Sigorta şirketlerine gelen tedbir uygulamasından sonra EKONOMİ’ye konuşan sektör oyuncularından kimileri bunun gerekli bir operasyon olduğunu düşünürken, kimileri de şirketlerin sermayelerini güçlendirmesi için fırsat verilebileceği düşüncesinde.
Bunun doğru bir hamle olduğunu düşünenler, böyle bir operasyonun zaten beklendiğini, sadece zamanlamayı öngöremediklerini ifade ediyor. Bu şirketlerin günlük 6 milyon TL kasko primi üretir hale geldikleri ve riski her geçen gün büyüttükleri için SEDDK’nın bu adımı doğru olarak yorumlanıyor. “Sektörde çürükler temizlensin istiyoruz, bir disiplin getirir” diyen bir başka sektör oyuncusu ise, tedbir uygulanmasına gerek kalmadan yatırımcı ve sermayedarla da sorunun çözülebileceğini kaydetti. Önceki gün gerçekleştirilen sermaye tutarı artışına atıfta bulunan kaynak, “Ruhsatların fiyatları da artırıldı. Sektöre girmek için fırsat kollayan gruplar var. 1.6 milyar verip sıfırdan ruhsat alacağına 200-300 milyon sermaye koyarak bu şirketleri düzlüğe çıkarabilirlerdi. Yani yatırımcı bu şartlarda her iki şirkete de sıcak bakardı, bu gereksiz bir operasyon oldu. Bu artıştan sonra bu operasyon SEDDK’nın ‘biz buradayız, masaya yumruğumuzu vurduk’ mesajıdır” ifadelerini kullandı.

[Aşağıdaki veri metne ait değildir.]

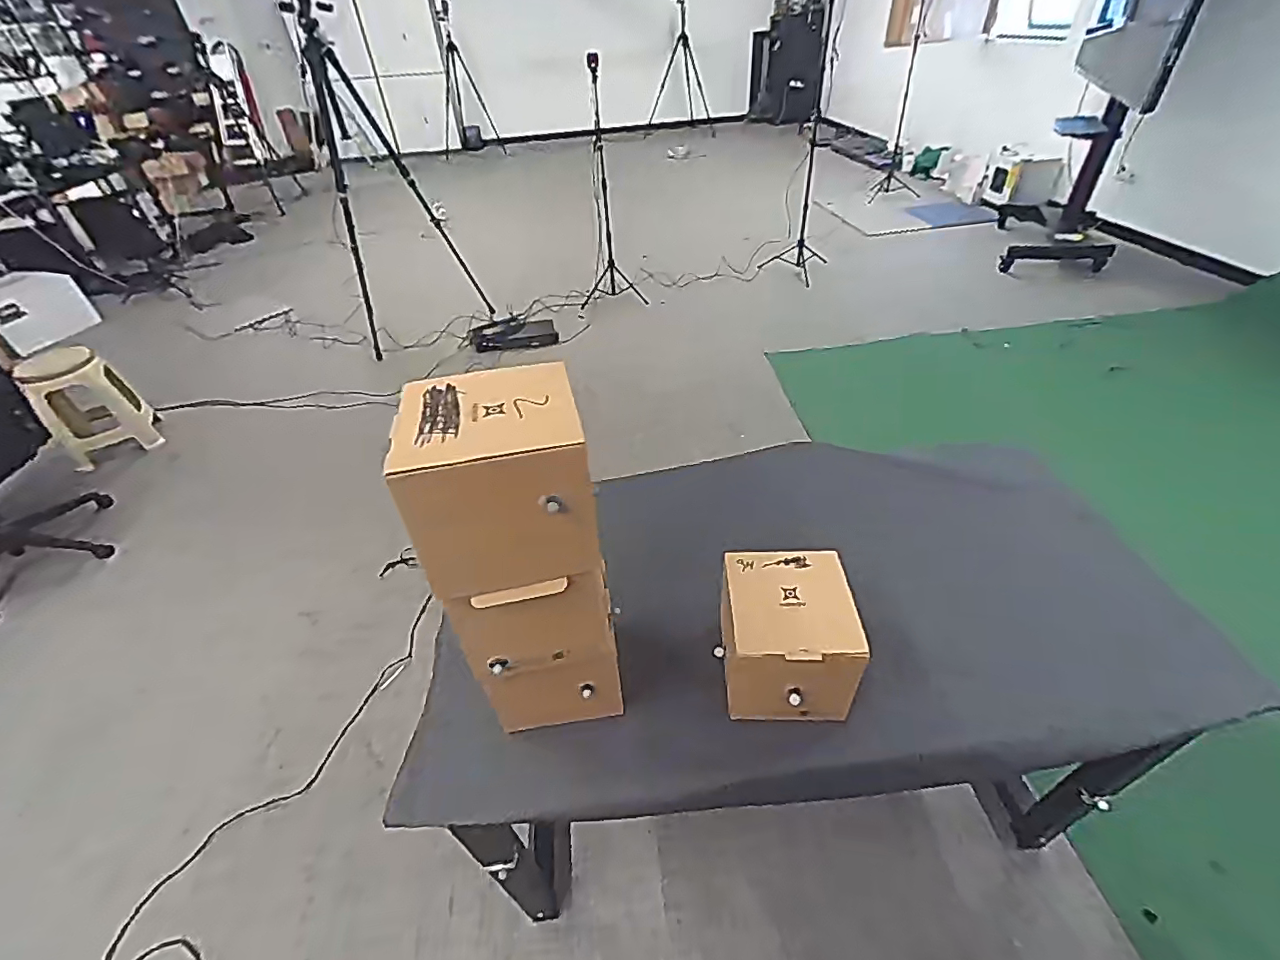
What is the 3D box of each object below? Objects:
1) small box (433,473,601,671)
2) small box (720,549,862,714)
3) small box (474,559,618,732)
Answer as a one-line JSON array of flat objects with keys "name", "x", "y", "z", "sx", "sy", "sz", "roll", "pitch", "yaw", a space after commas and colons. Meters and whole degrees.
[{"name": "small box", "x": -0.148, "y": 0.120, "z": 0.686, "sx": 0.168, "sy": 0.176, "sz": 0.179, "roll": -11, "pitch": 39, "yaw": -7}, {"name": "small box", "x": 0.204, "y": 0.222, "z": 0.782, "sx": 0.168, "sy": 0.176, "sz": 0.179, "roll": -2, "pitch": 41, "yaw": 4}, {"name": "small box", "x": -0.128, "y": 0.243, "z": 0.794, "sx": 0.179, "sy": 0.176, "sz": 0.168, "roll": -9, "pitch": 40, "yaw": -3}]
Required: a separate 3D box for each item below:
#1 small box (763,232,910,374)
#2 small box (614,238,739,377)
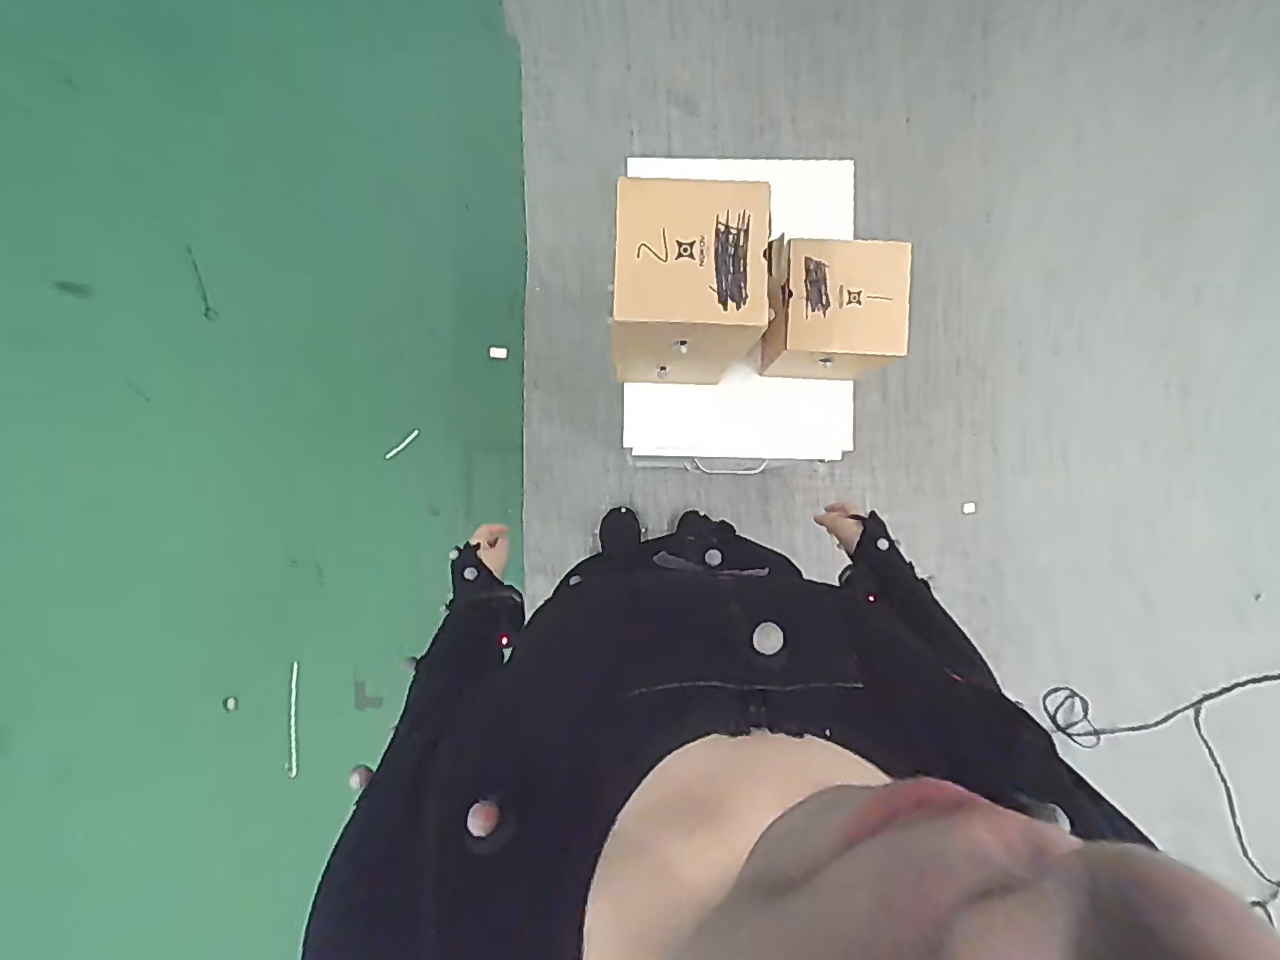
[{"bbox_3d":[0.297,-0.268,0.851,0.179,0.176,0.168,3,89,0],"label":"small box"},{"bbox_3d":[0.052,-0.260,0.850,0.179,0.176,0.168,1,89,-1],"label":"small box"}]
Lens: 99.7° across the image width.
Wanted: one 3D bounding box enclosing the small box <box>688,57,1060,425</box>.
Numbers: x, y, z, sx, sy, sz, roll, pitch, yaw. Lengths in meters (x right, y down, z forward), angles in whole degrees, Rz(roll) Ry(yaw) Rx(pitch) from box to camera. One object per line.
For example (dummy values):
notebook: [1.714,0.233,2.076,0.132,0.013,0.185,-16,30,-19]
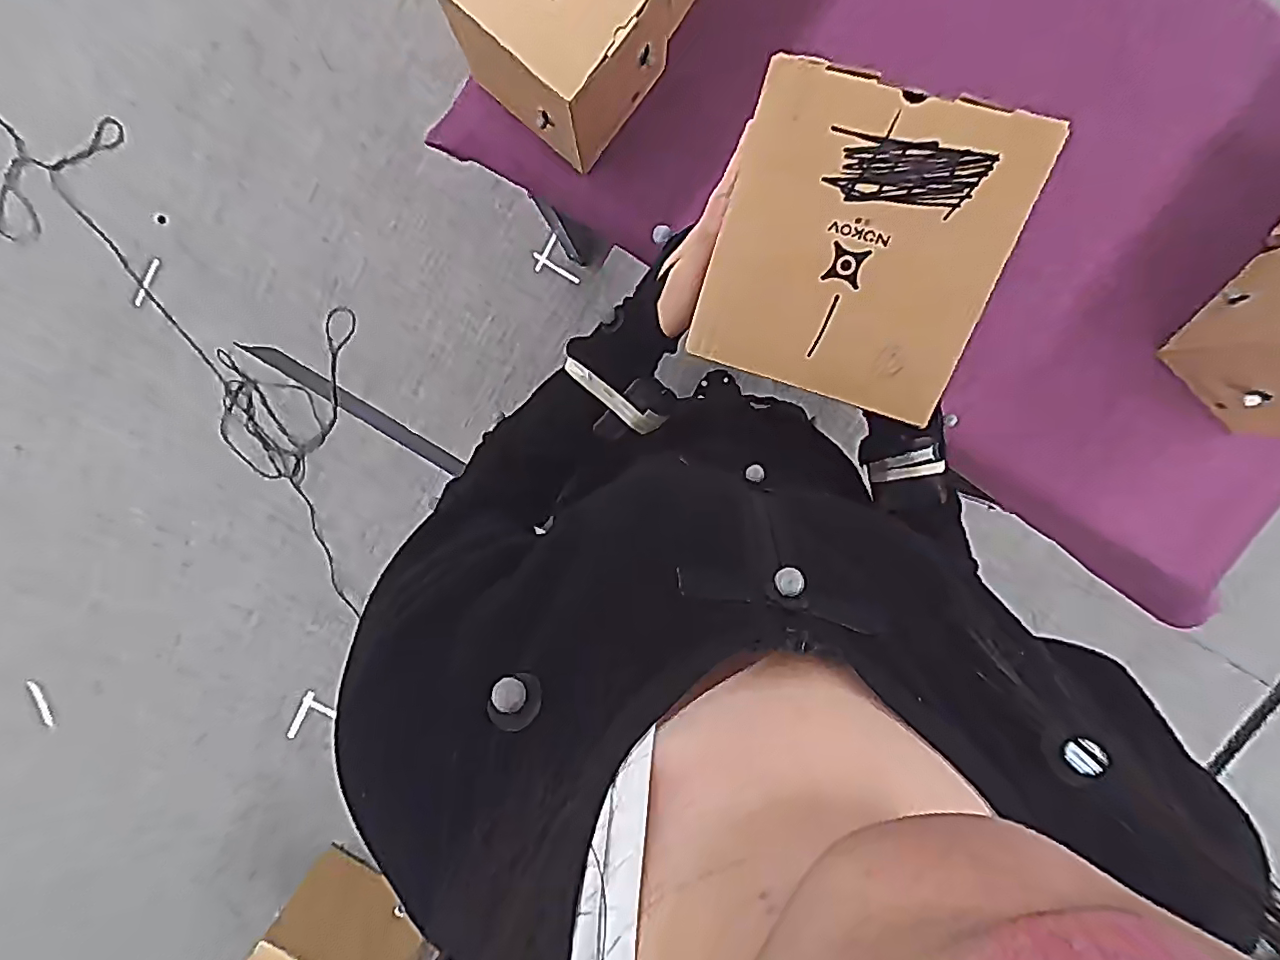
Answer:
small box: [0.147,-0.162,0.404,0.168,0.176,0.179,19,110,7]
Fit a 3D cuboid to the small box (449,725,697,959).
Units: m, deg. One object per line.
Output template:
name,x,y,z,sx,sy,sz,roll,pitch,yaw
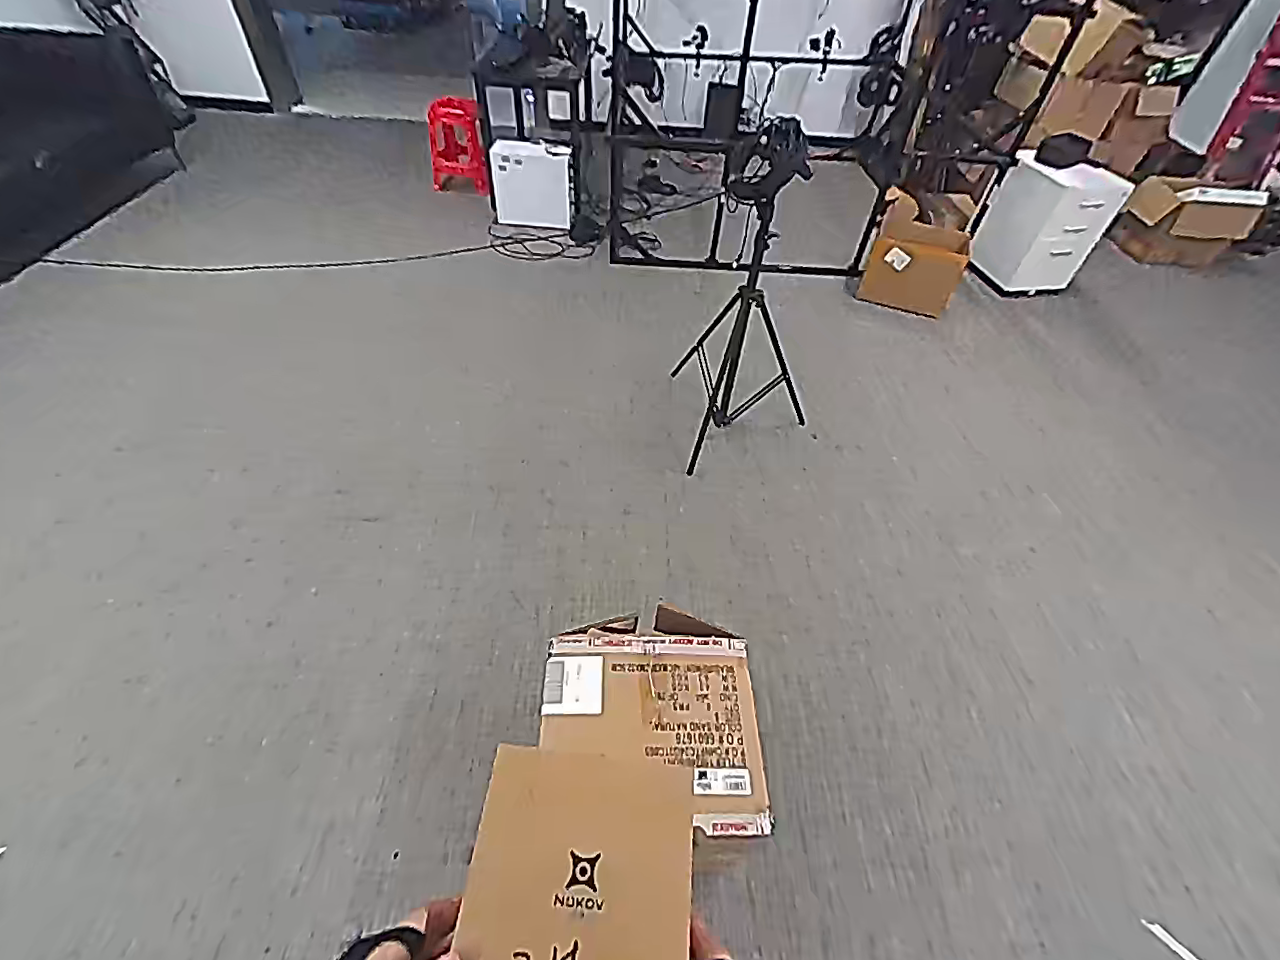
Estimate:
small box,-0.049,0.333,0.465,0.168,0.176,0.179,8,53,0
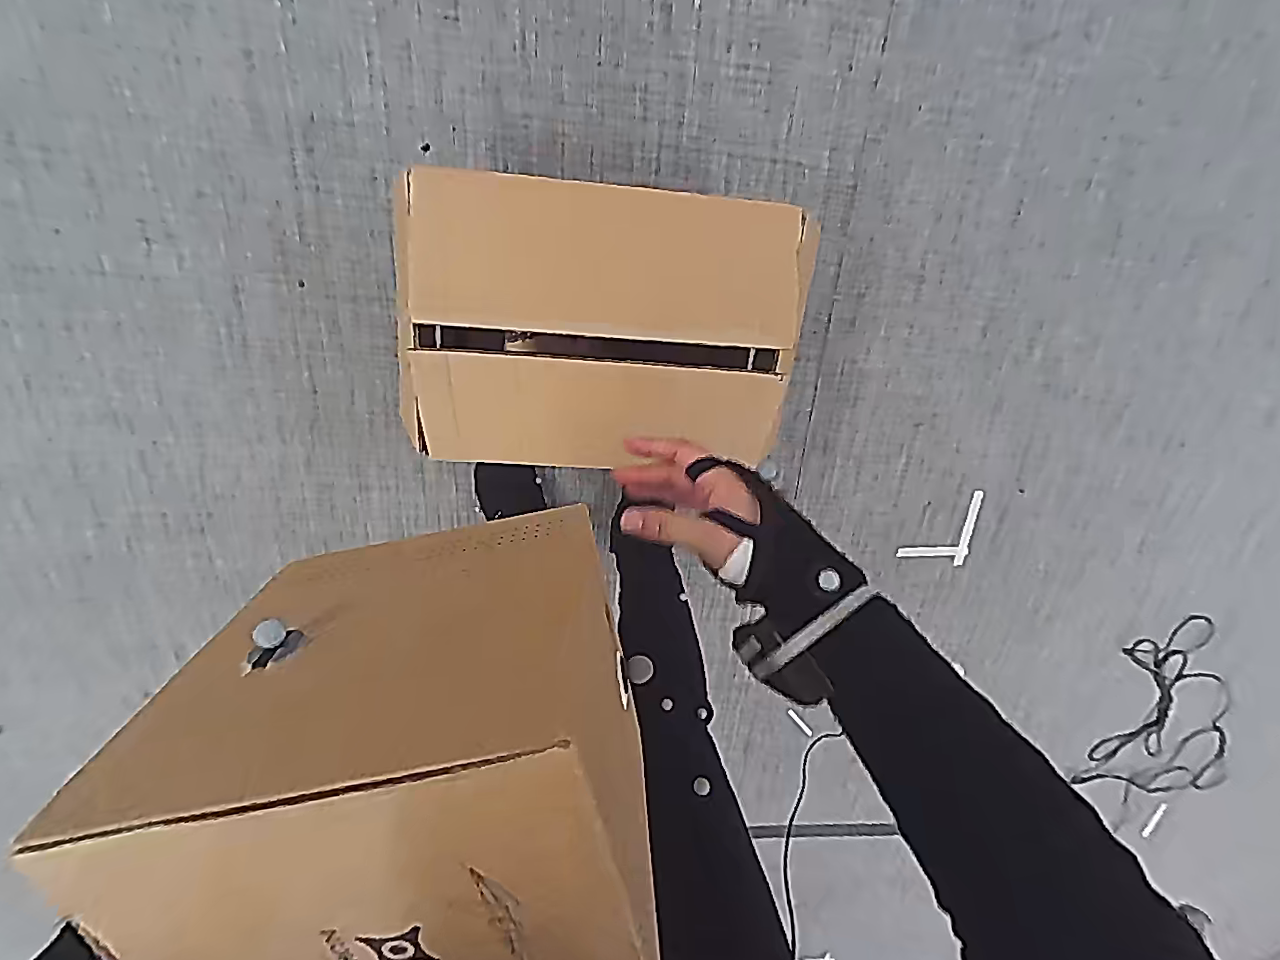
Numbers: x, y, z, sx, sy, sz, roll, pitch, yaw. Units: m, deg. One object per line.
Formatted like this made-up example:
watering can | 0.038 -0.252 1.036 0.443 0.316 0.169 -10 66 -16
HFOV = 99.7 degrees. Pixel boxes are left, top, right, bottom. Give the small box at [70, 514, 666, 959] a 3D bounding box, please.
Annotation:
small box | -0.092 0.137 0.277 0.179 0.176 0.168 -13 114 -1
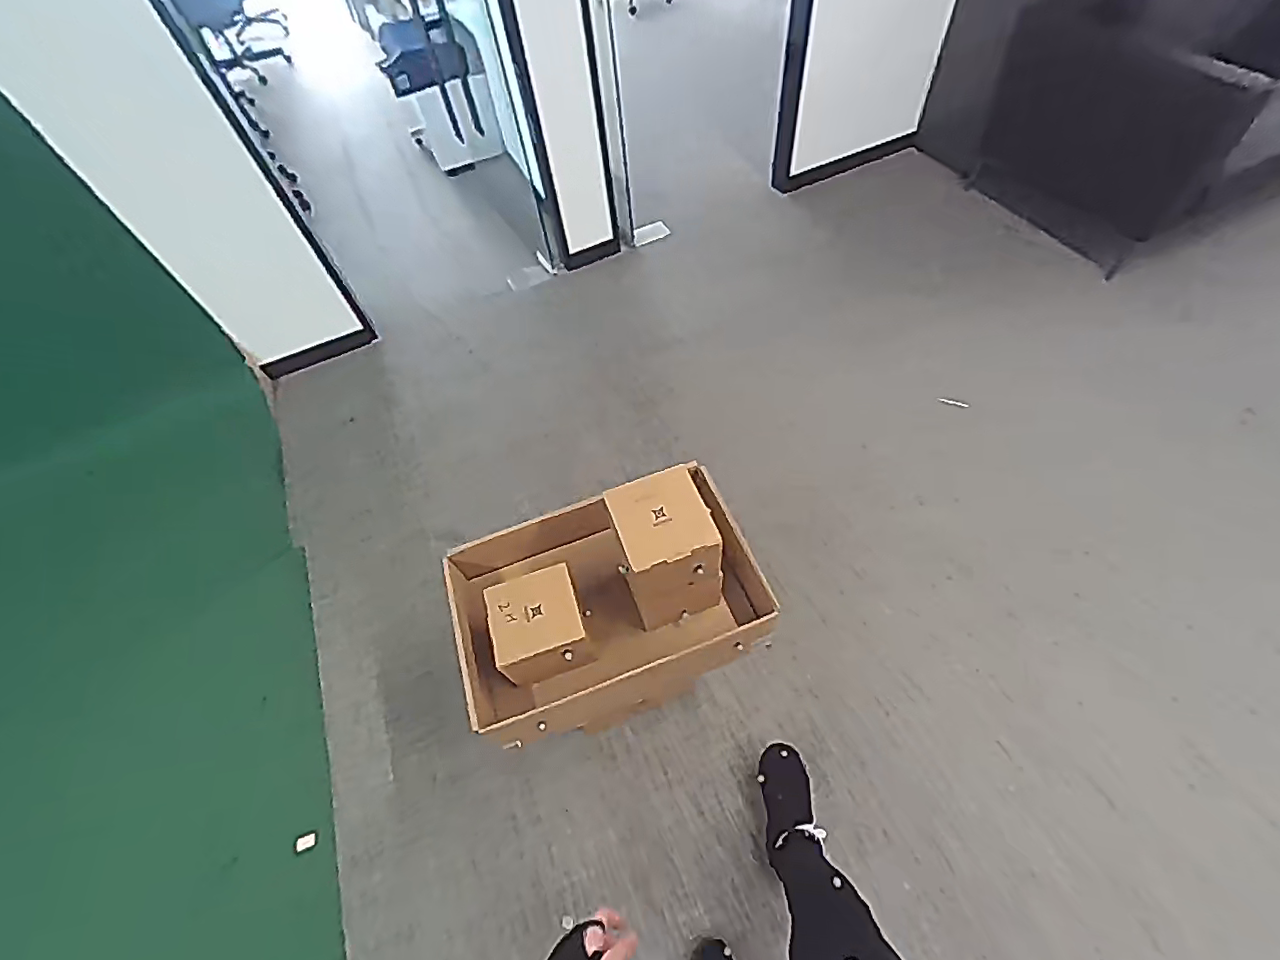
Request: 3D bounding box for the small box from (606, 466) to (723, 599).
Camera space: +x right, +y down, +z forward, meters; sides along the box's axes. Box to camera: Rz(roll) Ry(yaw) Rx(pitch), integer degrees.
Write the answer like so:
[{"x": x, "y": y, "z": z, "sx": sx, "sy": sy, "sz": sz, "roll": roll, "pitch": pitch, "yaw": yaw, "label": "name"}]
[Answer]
[{"x": 0.048, "y": 0.108, "z": 1.021, "sx": 0.168, "sy": 0.176, "sz": 0.179, "roll": -19, "pitch": 57, "yaw": -7, "label": "small box"}]
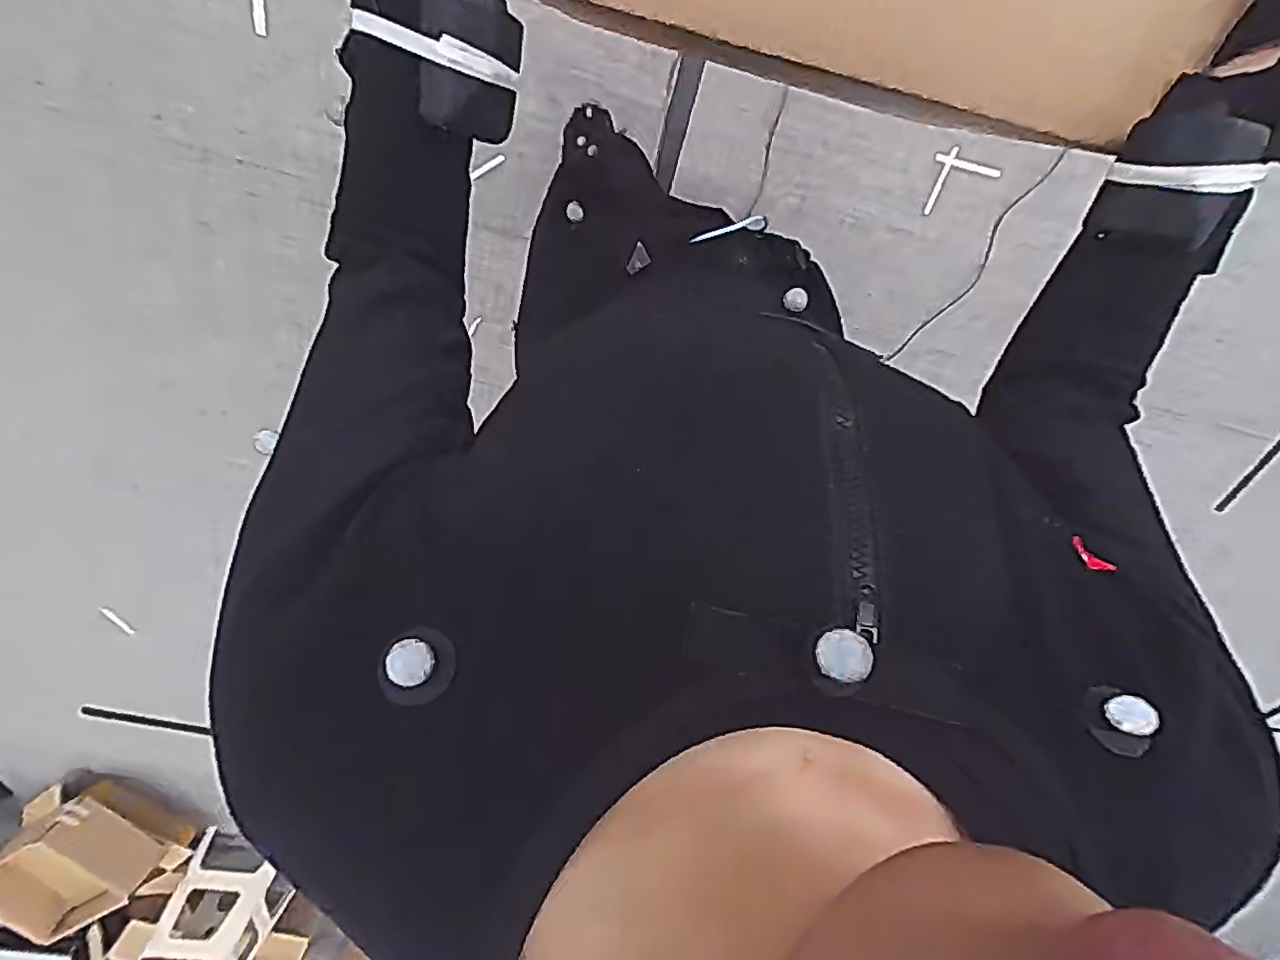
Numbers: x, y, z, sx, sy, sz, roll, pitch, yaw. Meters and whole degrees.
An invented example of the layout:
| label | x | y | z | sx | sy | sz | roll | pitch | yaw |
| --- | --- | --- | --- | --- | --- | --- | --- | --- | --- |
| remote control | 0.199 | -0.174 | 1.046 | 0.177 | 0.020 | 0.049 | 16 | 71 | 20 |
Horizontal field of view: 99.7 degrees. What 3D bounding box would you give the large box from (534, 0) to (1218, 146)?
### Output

Sigortacılık ve Özel Emeklilik Düzenleme ve Denetleme Kurumu (SEDDK) sigorta şirketi kurmak için istenen sermaye şartı tutarlarında güncellemeye gitti. SEDDK’nın önceki gün yayınladığı genelgeye göre, sigorta şirketi kurmak için sermaye şartı hayat dışındaki tüm branşlarda faaliyet gösterebilmek için 500 milyon TL’den 1 milyar 600 milyon TL’ye çıkartıldı. Hayat branşında tüm branşlarda faaliyet göstermek için sermaye tutarı 825 milyon TL’ye, reasürans alanında faaliyet göstermek için ise sermaye tutarı hayat ve hayat dışında toplam 700 milyon TL’ye yükseldi.